Adelelmus (Alleaume or Adelin; died 27 April 1152) was a hermit and disciple of Bernard of Thiron. He founded the monastery of Étival-en-Charnie. He is regarded as a saint in the Catholic Church.

Adelelmus' life is known from the biographies of Bernard of Thiron and Robert of Arbrissel, and from the foundation charter of Étival. He was a native of Flanders.

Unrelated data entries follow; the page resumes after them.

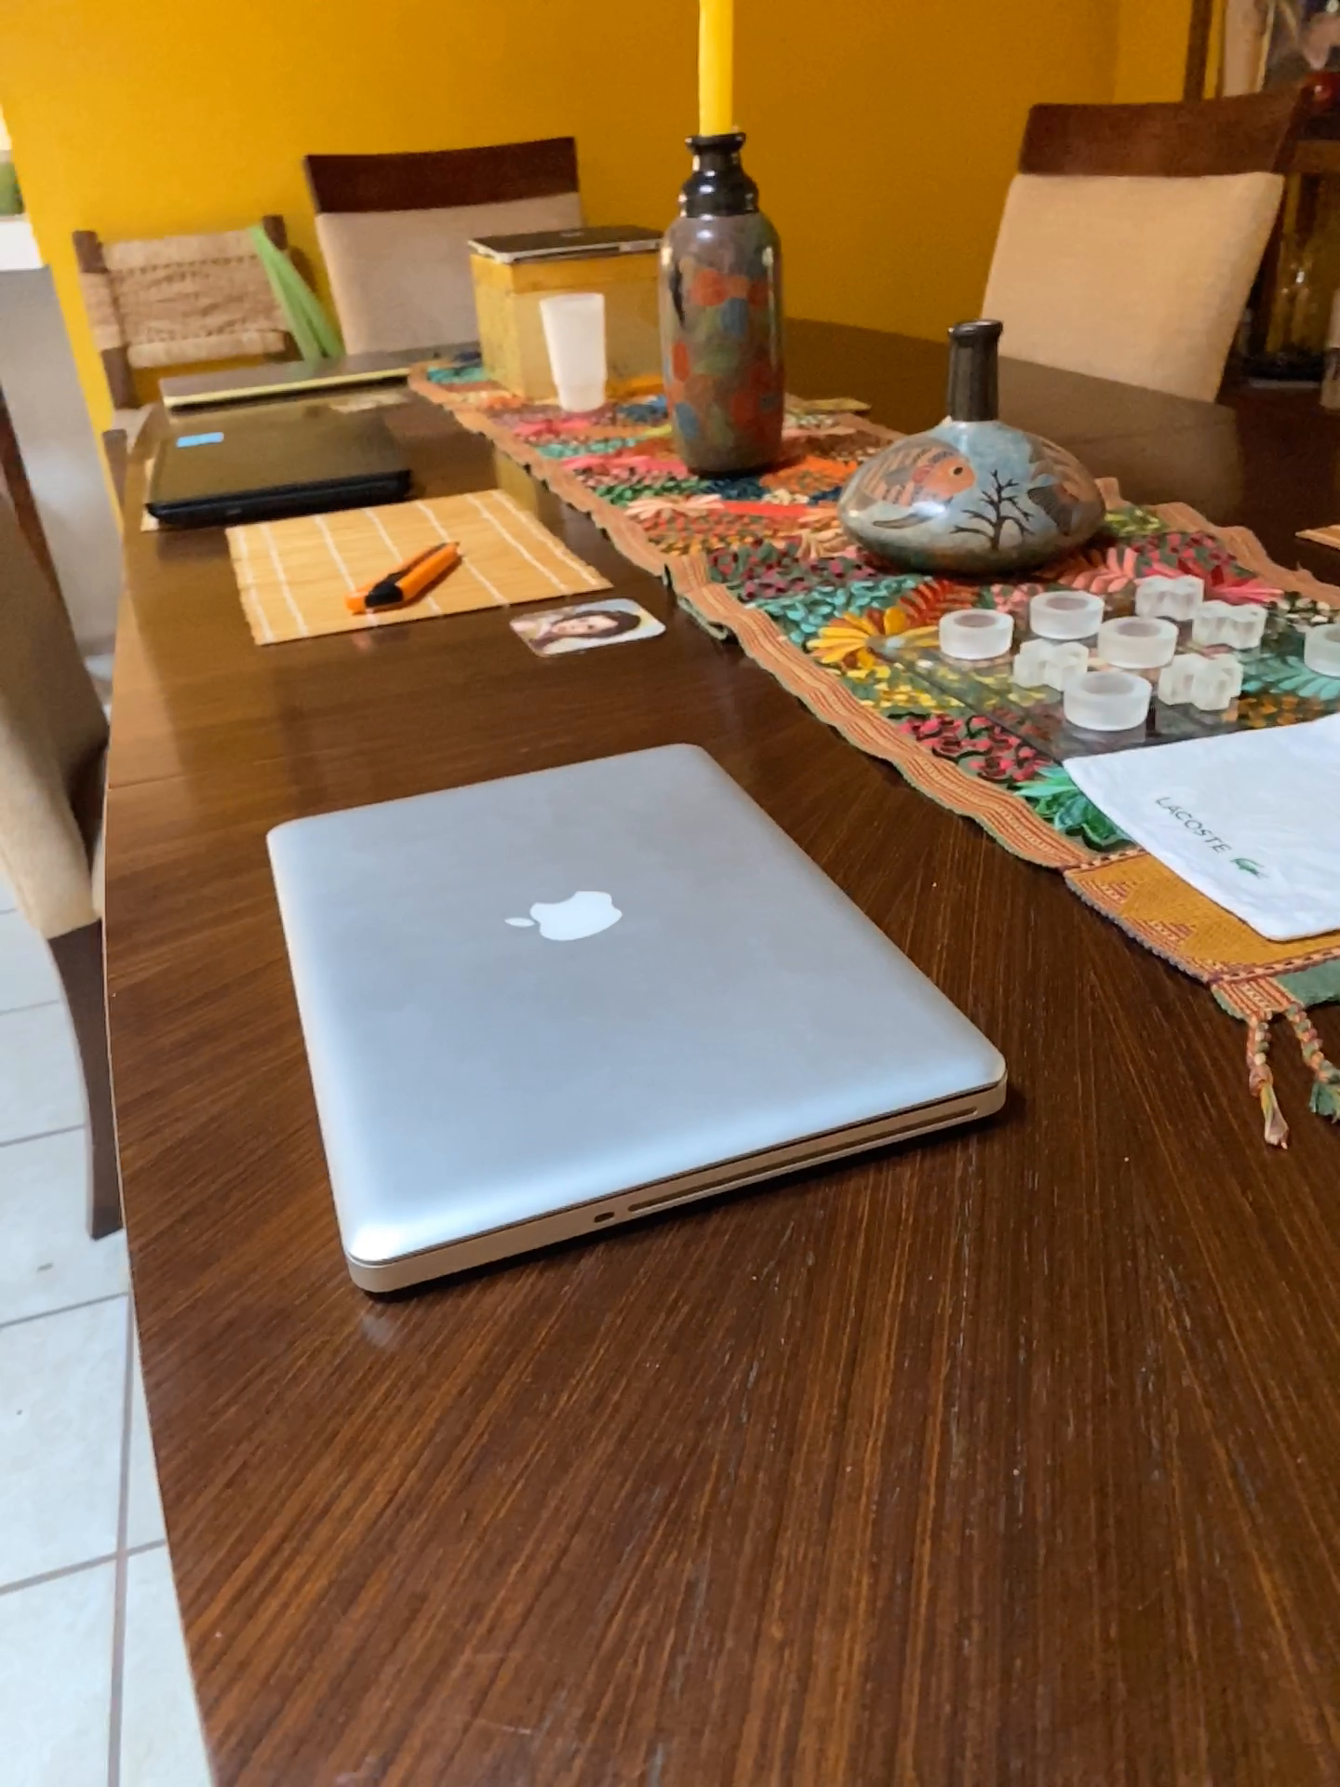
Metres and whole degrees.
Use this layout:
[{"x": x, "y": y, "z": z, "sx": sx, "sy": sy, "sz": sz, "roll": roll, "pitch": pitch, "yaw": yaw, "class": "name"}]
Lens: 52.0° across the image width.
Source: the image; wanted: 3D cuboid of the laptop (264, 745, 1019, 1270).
[{"x": -0.041, "y": 0.017, "z": 0.583, "sx": 0.232, "sy": 0.002, "sz": 0.325, "roll": -13, "pitch": 30, "yaw": -15, "class": "laptop"}]

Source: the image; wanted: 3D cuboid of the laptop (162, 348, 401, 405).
[{"x": -0.635, "y": -0.840, "z": 2.223, "sx": 0.343, "sy": 0.004, "sz": 0.321, "roll": -16, "pitch": 31, "yaw": -18, "class": "laptop"}]

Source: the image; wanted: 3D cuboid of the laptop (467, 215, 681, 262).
[{"x": -0.135, "y": -0.861, "z": 1.801, "sx": 0.214, "sy": 0.011, "sz": 0.310, "roll": -12, "pitch": 31, "yaw": -9, "class": "laptop"}]

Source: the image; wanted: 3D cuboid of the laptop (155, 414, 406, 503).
[{"x": -0.446, "y": -0.497, "z": 1.554, "sx": 0.254, "sy": 0.012, "sz": 0.303, "roll": -11, "pitch": 31, "yaw": -16, "class": "laptop"}]

He joined an old hermit named Aubert near Saint-Ellier-du-Maine in a life of fasting and prayer. He attempted to join Bernard at Chausey, but found the climate on the island intolerable and returned to Aubert. When Aubert decided to end his days in the community of Raoul de La Futaie, Adelelmus decided to form a monastic community for men and women. He received a gift of land in the diocese of Le Mans from Viscount Raoul VII de Beaumont-au-Maine in 1109. The male monastery was dedicated to Saint Nicholas. It did not long survive Adelelmus, but the nunnery at Étival, originally led by Raoul's daughter Godealdis, was more successful. Adelelmus acquired the parish of Livet for the nunnery. He earned a reputation as a great preacher. He died on 27 April 1152 and was buried in Étival.

A statue of Adelelmus stands in the chapel of Saint Nicholas at Étival. The diocese of Le Mans had a special liturgical office for his memory, but it was suppressed in 1835.